:: Data records ::

--- START ---

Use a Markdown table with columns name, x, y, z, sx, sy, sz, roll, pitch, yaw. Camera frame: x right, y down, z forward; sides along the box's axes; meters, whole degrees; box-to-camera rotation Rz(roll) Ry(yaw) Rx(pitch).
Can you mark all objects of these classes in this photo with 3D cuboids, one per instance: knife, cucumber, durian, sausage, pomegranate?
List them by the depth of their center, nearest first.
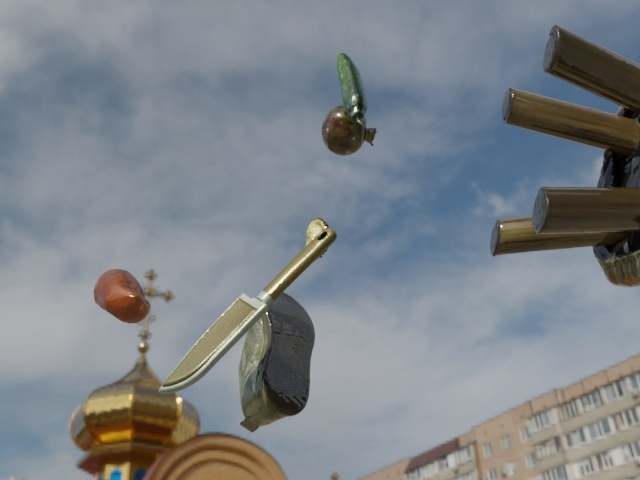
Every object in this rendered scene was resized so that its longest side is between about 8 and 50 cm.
| name | x | y | z | sx | sy | sz | roll | pitch | yaw |
| --- | --- | --- | --- | --- | --- | --- | --- | --- | --- |
| knife | -0.102 | 0.100 | 1.039 | 0.061 | 0.343 | 0.027 | 25 | -26 | 46 |
| sausage | -0.377 | 0.107 | 1.353 | 0.089 | 0.089 | 0.179 | 22 | 1 | -34 |
| cucumber | 0.075 | -0.344 | 1.642 | 0.056 | 0.250 | 0.056 | -5 | -37 | -4 |
| durian | -0.004 | -0.006 | 1.680 | 0.066 | 0.130 | 0.052 | 0 | -35 | 4 |
| pomegranate | 0.065 | -0.269 | 1.744 | 0.130 | 0.130 | 0.130 | -3 | -34 | -2 |

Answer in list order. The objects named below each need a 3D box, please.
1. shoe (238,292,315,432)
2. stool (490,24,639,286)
| name | x | y | z | sx | sy | sz | roll | pitch | yaw |
| --- | --- | --- | --- | --- | --- | --- | --- | --- | --- |
| shoe | -0.080 | 0.184 | 1.150 | 0.103 | 0.275 | 0.098 | 36 | -60 | -20 |
| stool | 0.383 | -0.101 | 0.988 | 0.226 | 0.310 | 0.310 | 6 | -9 | 1 |

--- END ---

:: Exercise brief ::
Only the lines from the line with "Can you mark" through the closing line of the data, both included, should be set down, exactly as written and without pictures.

:: Result of the task ::
Can you mark all objects of these classes in this photo with 3D cuboids, one per instance: knife, cucumber, durian, sausage, pomegranate?
List them by the depth of their center, nearest first.
Every object in this rendered scene was resized so that its longest side is between about 8 and 50 cm.
| name | x | y | z | sx | sy | sz | roll | pitch | yaw |
| --- | --- | --- | --- | --- | --- | --- | --- | --- | --- |
| knife | -0.102 | 0.100 | 1.039 | 0.061 | 0.343 | 0.027 | 25 | -26 | 46 |
| sausage | -0.377 | 0.107 | 1.353 | 0.089 | 0.089 | 0.179 | 22 | 1 | -34 |
| cucumber | 0.075 | -0.344 | 1.642 | 0.056 | 0.250 | 0.056 | -5 | -37 | -4 |
| durian | -0.004 | -0.006 | 1.680 | 0.066 | 0.130 | 0.052 | 0 | -35 | 4 |
| pomegranate | 0.065 | -0.269 | 1.744 | 0.130 | 0.130 | 0.130 | -3 | -34 | -2 |

Answer in list order. The objects named below each need a 3D box, please.
1. shoe (238,292,315,432)
2. stool (490,24,639,286)
| name | x | y | z | sx | sy | sz | roll | pitch | yaw |
| --- | --- | --- | --- | --- | --- | --- | --- | --- | --- |
| shoe | -0.080 | 0.184 | 1.150 | 0.103 | 0.275 | 0.098 | 36 | -60 | -20 |
| stool | 0.383 | -0.101 | 0.988 | 0.226 | 0.310 | 0.310 | 6 | -9 | 1 |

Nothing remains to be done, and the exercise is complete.